### REQUIRED WORK
From the listing that follows, report the number of lines with the word "build" in them, and no other output.
□ □ □ □ □ □ □
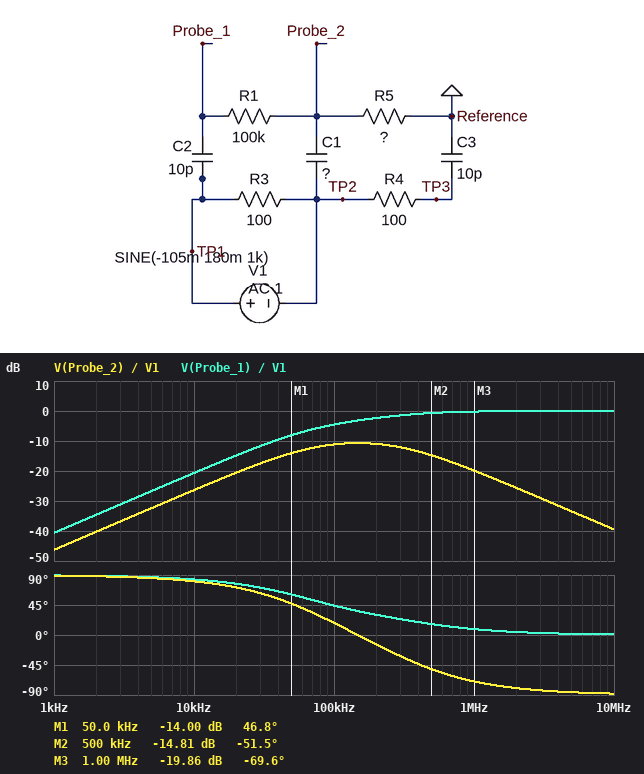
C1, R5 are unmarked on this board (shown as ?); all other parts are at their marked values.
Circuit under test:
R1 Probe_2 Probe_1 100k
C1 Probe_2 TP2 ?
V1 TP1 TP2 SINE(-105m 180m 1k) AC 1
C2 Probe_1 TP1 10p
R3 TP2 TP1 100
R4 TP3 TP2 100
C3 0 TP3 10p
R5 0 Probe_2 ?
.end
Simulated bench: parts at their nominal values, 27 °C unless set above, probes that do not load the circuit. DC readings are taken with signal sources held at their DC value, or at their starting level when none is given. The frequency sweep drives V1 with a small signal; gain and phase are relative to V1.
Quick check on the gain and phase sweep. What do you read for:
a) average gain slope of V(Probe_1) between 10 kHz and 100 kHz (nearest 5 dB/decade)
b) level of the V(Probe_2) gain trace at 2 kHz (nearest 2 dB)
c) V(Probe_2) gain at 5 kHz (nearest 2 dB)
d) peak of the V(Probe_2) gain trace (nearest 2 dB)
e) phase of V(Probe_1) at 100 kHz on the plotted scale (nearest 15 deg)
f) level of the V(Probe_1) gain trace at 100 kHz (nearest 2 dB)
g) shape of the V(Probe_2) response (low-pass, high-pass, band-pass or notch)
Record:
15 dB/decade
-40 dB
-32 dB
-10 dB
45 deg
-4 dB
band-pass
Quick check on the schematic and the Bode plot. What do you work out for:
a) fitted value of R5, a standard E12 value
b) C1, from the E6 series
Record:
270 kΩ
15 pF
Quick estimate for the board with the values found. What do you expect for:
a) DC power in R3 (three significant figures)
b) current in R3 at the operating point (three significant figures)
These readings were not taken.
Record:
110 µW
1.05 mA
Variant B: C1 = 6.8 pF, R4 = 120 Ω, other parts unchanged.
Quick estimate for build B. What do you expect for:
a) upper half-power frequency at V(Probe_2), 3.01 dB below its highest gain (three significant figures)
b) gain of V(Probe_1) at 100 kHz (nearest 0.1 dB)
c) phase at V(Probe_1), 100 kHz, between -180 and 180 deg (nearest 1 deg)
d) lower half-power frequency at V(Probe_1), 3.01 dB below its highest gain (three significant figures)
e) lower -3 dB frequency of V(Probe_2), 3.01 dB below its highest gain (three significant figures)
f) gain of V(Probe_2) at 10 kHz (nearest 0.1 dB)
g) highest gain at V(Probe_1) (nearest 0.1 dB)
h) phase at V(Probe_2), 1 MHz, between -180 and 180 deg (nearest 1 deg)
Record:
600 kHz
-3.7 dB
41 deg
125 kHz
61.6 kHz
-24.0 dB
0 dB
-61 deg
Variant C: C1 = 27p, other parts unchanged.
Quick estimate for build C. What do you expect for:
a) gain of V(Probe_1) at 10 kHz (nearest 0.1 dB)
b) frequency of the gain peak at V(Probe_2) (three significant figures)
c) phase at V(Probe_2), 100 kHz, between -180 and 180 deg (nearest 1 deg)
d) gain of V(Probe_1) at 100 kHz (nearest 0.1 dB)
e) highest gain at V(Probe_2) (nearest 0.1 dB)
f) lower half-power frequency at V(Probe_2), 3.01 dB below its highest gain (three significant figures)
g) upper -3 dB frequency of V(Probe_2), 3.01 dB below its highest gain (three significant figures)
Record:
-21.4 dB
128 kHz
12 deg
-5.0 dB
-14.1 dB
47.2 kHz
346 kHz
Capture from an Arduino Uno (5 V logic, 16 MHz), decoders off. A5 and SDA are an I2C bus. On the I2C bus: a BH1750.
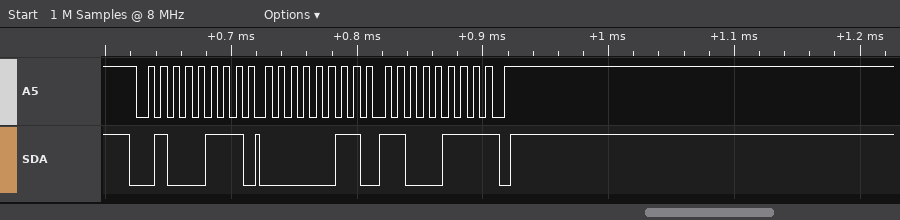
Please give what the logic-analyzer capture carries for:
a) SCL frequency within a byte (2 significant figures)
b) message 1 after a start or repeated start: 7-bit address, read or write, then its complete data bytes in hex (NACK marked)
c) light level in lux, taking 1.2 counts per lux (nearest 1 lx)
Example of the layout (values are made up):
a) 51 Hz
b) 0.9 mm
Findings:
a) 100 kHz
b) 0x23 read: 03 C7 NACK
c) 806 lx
□ □ □ □ □ □ □
### EXERCISE ANSWER
2